Stored data

○ ○ ○ ○

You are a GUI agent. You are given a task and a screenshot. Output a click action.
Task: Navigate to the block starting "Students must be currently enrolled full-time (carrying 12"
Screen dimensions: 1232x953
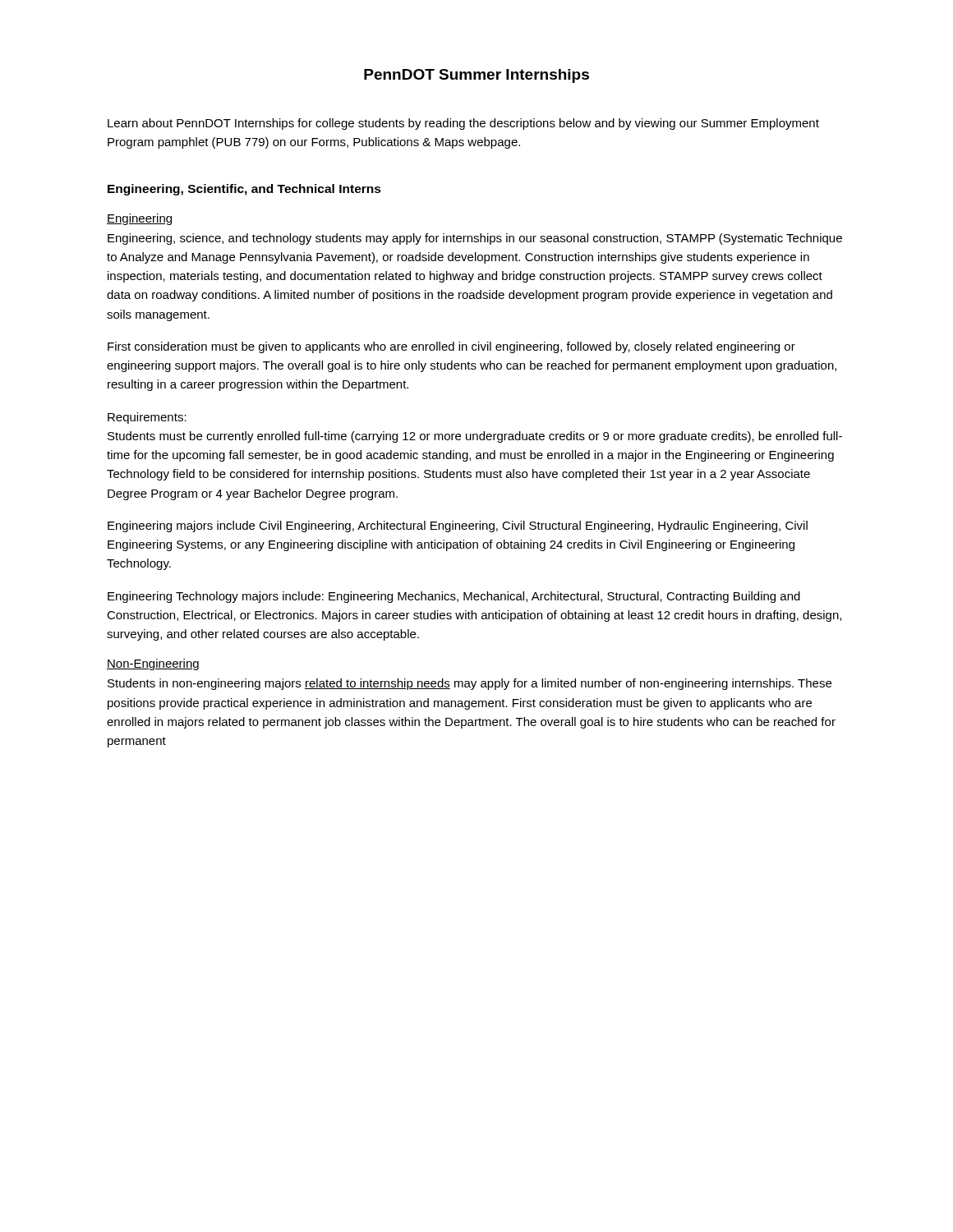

○ ○ ○ ○

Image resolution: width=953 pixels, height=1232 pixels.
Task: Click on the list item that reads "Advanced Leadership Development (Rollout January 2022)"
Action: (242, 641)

○ ○ ○ ○

In the material above, find the line containing "Task: Navigate to" and the line containing "Screen dimensions: 1232x953", then write out exactly those two lines and every line between them, and nothing more.

Answer space
Task: Navigate to the block starting "Students must be currently enrolled full-time (carrying 12"
Screen dimensions: 1232x953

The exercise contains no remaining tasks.